**WHAT THE TASK REQUIRES**
Which lines in the listing below contain the word "dollhouse"? Copy each one.

**LISTED ENTRIES**

↓↓↓

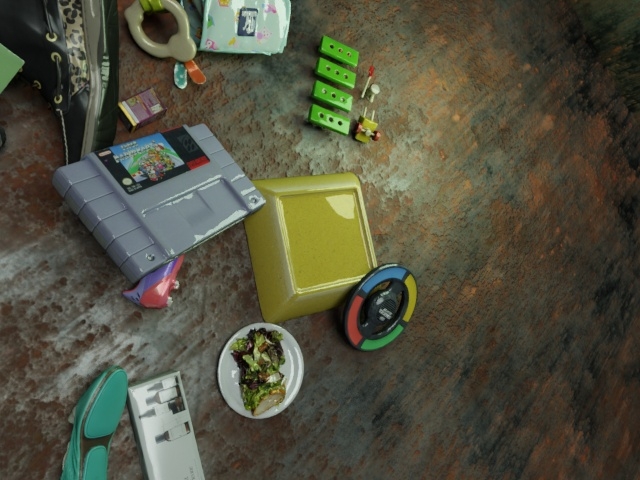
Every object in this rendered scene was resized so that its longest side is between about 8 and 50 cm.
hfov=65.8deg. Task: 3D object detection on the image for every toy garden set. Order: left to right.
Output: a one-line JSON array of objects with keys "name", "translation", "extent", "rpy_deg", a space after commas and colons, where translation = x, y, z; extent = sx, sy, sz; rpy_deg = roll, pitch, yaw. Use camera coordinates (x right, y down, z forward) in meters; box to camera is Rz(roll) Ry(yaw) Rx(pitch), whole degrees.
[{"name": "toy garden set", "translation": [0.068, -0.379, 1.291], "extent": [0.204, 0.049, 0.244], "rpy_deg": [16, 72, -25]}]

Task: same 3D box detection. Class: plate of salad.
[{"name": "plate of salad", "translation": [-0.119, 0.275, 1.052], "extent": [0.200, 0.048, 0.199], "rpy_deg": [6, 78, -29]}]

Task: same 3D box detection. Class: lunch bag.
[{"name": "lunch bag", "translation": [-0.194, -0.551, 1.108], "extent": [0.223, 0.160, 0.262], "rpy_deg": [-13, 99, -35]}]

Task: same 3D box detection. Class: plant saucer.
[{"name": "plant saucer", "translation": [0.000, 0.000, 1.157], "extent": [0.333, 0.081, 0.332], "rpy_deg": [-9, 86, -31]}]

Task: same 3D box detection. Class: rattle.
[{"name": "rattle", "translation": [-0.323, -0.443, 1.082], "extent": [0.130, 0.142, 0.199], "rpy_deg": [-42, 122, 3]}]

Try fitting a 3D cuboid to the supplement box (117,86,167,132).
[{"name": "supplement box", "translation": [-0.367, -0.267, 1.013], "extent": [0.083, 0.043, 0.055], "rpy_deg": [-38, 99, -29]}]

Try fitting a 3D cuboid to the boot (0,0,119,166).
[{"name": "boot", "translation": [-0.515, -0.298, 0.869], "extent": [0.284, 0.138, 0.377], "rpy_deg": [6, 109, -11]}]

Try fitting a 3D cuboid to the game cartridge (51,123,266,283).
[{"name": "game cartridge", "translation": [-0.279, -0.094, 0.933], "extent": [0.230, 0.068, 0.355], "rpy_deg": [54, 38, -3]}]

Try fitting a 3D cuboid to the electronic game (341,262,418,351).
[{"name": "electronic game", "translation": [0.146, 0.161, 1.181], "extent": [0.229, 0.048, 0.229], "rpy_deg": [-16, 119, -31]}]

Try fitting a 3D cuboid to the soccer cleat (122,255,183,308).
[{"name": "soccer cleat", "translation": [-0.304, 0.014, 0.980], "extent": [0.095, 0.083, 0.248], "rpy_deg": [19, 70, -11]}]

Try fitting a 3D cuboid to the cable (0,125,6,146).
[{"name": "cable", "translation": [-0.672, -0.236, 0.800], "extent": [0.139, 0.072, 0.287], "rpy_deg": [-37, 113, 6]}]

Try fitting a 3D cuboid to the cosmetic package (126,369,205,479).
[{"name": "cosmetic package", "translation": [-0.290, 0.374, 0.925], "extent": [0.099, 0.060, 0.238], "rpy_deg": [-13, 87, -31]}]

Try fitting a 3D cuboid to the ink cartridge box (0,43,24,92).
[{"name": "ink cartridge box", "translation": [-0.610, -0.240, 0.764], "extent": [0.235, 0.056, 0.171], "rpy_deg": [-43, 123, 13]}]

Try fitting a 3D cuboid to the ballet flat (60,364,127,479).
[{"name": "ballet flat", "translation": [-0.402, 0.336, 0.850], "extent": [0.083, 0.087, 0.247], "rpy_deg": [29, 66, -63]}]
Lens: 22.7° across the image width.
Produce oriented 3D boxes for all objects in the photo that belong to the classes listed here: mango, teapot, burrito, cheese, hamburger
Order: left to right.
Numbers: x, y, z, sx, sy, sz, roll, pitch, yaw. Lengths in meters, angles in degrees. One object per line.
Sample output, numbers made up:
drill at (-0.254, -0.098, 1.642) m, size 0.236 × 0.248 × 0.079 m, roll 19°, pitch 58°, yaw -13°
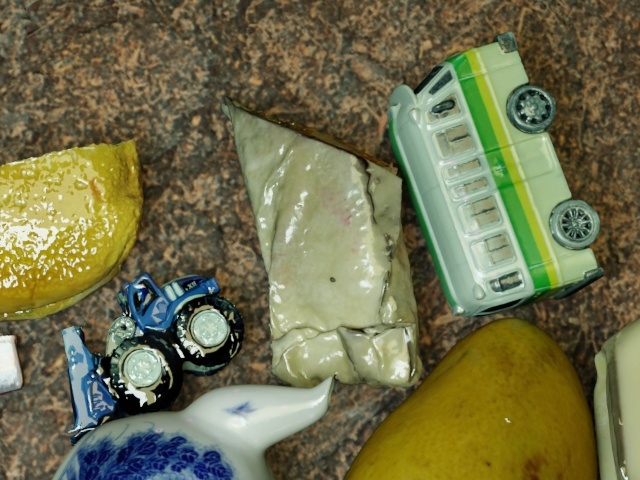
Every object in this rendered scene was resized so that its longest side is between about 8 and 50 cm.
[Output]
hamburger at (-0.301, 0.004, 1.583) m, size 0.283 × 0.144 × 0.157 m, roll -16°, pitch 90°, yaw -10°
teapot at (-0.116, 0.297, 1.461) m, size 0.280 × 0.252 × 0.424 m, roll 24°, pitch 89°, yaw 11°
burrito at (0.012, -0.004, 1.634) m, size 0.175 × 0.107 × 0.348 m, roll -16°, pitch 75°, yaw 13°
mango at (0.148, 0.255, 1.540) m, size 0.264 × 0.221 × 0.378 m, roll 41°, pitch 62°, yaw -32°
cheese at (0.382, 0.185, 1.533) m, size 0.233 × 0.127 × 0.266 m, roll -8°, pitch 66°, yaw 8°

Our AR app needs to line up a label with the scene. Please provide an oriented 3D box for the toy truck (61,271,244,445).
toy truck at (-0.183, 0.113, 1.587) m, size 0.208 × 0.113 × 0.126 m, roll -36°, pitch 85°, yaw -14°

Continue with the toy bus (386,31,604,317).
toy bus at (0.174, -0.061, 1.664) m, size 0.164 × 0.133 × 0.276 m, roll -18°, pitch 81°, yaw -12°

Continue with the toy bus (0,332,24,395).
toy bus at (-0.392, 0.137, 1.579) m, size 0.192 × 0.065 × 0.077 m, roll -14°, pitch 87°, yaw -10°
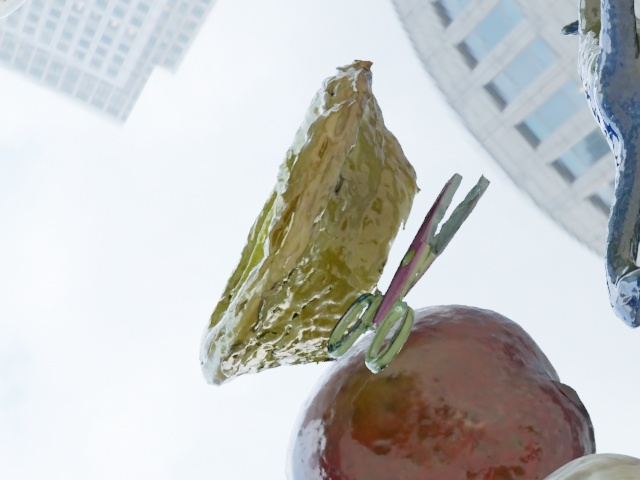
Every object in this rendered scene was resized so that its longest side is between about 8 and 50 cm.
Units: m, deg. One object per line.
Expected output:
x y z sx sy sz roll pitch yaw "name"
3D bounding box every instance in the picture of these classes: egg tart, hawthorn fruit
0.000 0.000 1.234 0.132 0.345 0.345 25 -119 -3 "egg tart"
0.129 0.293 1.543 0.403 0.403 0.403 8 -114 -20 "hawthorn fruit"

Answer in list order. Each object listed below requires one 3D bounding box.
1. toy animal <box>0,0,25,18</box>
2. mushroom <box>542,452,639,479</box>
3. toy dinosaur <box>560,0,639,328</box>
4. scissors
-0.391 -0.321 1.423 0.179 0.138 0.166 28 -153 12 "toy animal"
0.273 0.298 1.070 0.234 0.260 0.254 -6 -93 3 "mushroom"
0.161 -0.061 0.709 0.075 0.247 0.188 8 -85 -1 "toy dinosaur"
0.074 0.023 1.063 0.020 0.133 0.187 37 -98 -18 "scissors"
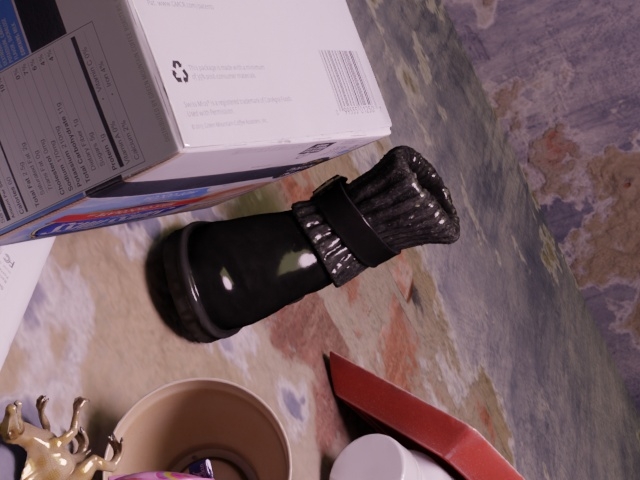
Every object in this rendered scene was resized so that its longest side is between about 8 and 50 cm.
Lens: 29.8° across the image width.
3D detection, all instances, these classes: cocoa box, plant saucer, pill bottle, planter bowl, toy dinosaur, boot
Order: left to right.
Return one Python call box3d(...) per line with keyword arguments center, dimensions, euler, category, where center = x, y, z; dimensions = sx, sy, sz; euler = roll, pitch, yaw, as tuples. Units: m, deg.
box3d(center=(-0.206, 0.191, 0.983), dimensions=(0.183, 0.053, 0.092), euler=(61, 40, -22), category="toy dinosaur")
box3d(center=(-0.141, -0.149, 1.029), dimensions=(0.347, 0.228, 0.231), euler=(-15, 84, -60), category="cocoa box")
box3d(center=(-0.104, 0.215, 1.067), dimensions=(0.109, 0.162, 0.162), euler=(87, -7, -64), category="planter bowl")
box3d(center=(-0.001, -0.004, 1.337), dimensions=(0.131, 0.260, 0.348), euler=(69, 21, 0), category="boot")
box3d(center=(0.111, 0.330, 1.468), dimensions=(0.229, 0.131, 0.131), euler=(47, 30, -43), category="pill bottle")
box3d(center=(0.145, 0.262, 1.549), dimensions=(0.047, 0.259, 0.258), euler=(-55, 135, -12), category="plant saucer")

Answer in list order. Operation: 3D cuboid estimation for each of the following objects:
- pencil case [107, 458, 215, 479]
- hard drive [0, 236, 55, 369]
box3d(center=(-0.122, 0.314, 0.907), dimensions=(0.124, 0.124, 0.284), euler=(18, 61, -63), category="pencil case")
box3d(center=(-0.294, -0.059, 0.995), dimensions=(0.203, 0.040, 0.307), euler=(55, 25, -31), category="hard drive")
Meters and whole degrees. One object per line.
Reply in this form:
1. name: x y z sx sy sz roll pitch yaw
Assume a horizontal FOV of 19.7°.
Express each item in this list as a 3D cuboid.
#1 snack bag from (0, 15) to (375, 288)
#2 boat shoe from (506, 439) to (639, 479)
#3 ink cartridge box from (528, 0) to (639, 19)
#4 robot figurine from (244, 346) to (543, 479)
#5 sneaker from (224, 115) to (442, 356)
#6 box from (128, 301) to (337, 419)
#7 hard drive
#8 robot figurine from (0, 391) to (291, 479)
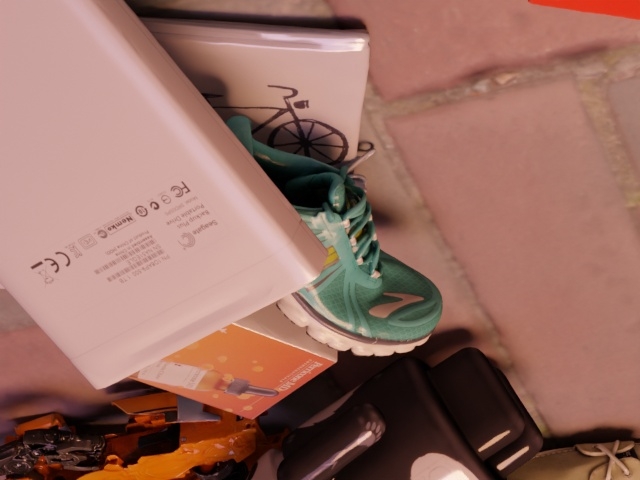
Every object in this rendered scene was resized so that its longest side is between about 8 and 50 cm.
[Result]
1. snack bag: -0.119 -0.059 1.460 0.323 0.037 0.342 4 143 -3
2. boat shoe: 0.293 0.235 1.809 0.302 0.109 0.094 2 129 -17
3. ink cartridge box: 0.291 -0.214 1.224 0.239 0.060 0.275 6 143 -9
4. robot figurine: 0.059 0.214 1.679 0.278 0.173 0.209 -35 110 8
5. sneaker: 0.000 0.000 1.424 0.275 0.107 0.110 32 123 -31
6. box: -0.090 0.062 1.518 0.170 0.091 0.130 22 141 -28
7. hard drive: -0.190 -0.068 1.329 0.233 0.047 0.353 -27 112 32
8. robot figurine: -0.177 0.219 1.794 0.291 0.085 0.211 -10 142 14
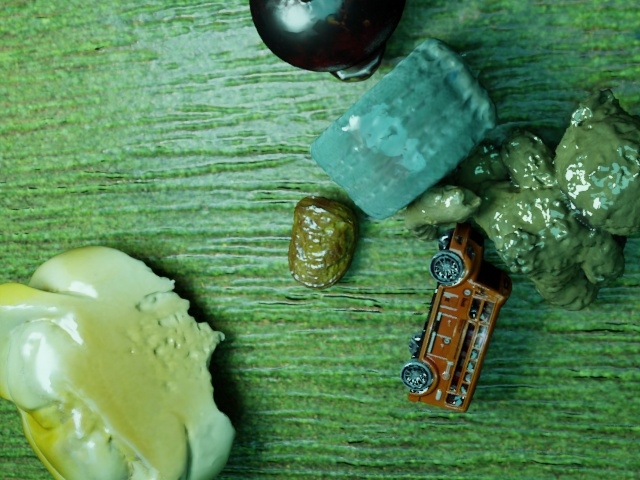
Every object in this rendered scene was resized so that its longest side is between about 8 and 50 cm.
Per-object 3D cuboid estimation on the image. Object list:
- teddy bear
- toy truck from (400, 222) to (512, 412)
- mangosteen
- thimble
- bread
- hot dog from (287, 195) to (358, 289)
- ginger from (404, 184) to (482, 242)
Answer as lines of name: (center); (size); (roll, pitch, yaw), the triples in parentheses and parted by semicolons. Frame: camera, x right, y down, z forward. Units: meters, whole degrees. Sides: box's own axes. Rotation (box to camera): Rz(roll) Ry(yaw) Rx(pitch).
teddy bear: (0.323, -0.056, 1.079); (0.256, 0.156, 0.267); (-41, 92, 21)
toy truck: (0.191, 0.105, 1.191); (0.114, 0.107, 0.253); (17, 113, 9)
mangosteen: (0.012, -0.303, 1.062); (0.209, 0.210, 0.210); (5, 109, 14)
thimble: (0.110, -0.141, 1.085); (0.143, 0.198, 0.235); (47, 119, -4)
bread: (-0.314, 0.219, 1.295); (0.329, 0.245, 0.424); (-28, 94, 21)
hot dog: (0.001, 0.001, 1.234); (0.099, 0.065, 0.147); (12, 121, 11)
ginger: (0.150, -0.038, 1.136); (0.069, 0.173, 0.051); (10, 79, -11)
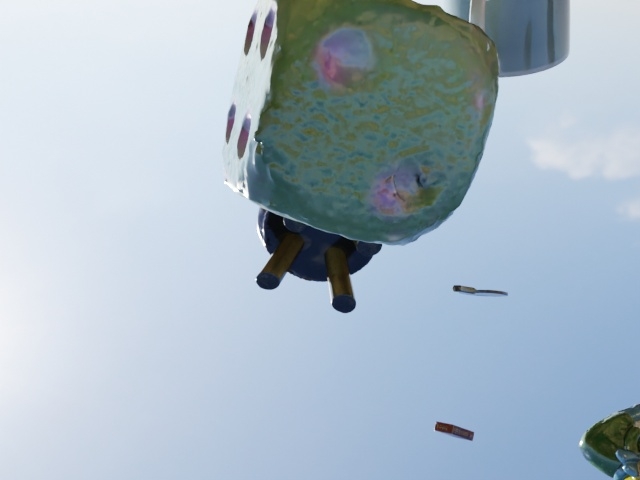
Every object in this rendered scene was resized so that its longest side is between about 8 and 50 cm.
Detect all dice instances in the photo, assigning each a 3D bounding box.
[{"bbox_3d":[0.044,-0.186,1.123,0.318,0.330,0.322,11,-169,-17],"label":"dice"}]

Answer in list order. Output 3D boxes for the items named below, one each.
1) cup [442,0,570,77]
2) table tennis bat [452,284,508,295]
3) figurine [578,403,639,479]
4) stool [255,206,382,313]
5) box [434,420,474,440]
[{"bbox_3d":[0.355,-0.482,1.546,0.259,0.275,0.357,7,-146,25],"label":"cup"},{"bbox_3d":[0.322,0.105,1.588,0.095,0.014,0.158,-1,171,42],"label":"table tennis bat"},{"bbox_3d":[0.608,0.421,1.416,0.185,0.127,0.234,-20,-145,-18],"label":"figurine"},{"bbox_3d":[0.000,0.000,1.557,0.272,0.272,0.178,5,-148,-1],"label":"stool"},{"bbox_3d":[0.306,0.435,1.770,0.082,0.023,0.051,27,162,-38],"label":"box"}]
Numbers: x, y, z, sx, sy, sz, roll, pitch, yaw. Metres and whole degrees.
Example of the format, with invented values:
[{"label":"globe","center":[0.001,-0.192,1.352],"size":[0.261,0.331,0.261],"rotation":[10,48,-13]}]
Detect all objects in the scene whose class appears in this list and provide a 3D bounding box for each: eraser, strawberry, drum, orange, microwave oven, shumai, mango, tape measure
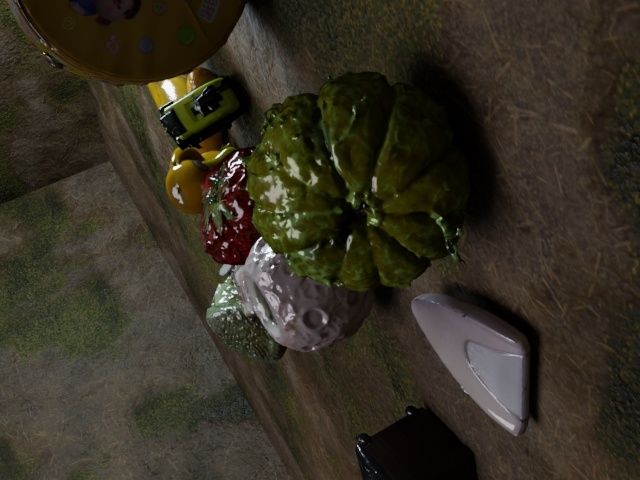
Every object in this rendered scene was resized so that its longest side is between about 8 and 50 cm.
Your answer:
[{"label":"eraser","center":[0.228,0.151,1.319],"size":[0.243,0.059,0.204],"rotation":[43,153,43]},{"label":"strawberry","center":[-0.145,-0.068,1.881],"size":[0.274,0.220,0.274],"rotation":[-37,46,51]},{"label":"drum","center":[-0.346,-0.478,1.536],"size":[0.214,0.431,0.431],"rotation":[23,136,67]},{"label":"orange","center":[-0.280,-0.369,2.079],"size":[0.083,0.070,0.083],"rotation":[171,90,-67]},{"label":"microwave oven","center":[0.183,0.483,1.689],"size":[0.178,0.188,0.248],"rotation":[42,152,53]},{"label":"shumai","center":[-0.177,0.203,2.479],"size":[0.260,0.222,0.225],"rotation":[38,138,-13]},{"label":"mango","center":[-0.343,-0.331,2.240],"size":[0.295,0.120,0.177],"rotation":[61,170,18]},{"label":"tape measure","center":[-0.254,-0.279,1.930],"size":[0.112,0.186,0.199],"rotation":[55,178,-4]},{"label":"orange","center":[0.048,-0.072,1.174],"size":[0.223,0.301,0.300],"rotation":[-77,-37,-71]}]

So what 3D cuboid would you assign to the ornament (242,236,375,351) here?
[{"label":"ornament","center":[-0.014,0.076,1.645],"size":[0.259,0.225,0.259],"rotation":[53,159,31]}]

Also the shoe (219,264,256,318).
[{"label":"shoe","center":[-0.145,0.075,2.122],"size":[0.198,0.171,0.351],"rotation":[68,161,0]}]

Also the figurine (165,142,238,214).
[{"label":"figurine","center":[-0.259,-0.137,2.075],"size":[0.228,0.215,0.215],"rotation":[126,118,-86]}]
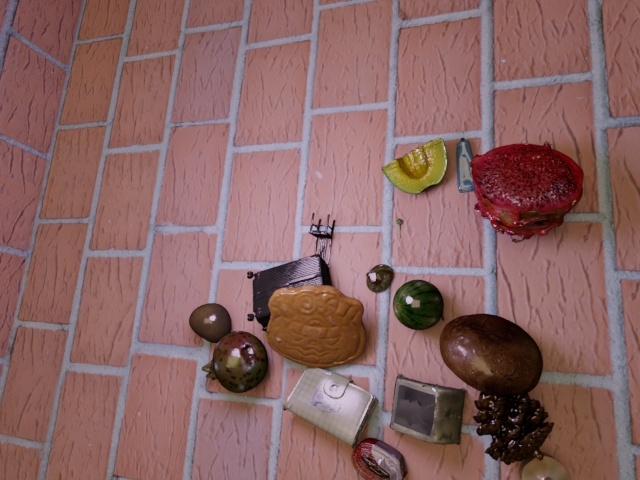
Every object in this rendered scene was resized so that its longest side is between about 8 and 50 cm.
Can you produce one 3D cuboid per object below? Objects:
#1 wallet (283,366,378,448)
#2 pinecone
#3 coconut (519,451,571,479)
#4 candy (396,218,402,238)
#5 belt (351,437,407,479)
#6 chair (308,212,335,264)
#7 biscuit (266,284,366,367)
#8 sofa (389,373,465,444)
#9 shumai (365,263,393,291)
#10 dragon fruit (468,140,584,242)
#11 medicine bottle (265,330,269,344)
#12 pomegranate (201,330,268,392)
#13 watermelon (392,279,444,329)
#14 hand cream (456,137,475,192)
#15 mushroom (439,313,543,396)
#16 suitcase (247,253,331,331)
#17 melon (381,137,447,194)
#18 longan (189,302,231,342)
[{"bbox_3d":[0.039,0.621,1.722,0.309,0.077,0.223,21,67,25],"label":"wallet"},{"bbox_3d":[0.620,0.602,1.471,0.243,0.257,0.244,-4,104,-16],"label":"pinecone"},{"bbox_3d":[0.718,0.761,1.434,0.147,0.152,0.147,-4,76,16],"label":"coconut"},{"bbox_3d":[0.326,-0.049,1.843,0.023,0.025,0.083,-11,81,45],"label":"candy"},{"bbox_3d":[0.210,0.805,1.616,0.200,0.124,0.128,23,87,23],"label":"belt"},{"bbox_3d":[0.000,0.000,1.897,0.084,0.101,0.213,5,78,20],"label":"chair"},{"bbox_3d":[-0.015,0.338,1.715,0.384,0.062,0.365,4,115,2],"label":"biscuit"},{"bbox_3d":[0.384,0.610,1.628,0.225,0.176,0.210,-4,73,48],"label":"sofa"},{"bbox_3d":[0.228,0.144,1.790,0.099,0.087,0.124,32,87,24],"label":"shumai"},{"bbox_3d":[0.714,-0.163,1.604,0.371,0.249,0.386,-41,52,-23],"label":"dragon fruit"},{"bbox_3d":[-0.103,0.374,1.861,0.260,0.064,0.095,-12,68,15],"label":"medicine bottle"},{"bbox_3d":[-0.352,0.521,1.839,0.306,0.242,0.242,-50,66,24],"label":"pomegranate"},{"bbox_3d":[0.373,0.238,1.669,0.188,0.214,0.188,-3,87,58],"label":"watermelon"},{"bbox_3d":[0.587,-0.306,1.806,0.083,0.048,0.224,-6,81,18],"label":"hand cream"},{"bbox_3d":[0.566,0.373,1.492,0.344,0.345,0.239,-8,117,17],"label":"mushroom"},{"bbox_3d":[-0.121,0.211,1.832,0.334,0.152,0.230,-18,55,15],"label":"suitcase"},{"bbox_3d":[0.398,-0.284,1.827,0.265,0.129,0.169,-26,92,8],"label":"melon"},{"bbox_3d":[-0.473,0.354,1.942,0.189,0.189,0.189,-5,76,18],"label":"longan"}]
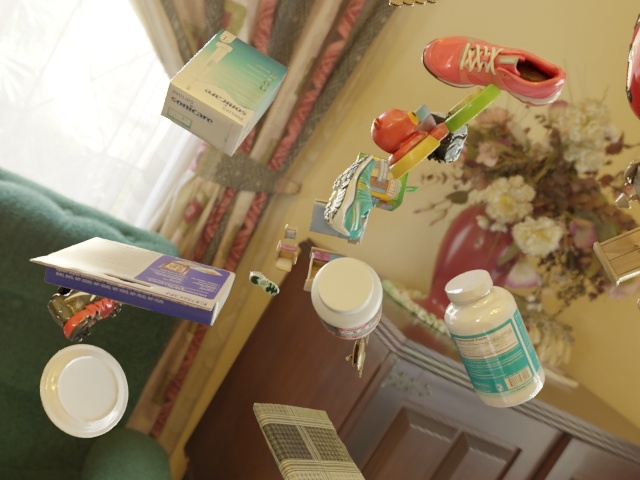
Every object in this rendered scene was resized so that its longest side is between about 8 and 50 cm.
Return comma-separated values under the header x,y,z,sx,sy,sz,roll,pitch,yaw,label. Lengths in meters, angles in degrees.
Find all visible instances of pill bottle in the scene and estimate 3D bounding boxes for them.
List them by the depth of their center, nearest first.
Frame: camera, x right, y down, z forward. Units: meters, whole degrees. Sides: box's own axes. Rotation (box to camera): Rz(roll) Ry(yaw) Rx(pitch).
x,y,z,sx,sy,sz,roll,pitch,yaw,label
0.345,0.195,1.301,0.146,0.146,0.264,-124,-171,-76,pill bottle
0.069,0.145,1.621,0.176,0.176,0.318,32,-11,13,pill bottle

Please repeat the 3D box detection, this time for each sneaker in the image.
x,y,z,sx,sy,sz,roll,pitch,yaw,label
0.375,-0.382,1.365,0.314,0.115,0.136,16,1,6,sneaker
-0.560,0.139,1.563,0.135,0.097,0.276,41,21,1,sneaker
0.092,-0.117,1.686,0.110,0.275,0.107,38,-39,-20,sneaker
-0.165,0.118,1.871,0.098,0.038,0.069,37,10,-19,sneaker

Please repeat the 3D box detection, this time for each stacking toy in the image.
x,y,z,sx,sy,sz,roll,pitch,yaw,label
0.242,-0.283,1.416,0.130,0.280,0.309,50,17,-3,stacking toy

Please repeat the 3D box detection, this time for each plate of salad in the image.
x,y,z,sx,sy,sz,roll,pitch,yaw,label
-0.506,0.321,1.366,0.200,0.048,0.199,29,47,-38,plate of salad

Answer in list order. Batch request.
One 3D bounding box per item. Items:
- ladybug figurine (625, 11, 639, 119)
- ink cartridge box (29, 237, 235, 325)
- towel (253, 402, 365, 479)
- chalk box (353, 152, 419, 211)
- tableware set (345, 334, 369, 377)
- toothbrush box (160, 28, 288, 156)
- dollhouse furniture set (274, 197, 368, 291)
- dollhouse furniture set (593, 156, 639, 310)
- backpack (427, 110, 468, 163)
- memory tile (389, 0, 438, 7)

↑↑↑

**TASK RESULT**
- dollhouse furniture set (274, 197, 368, 291)
- dollhouse furniture set (593, 156, 639, 310)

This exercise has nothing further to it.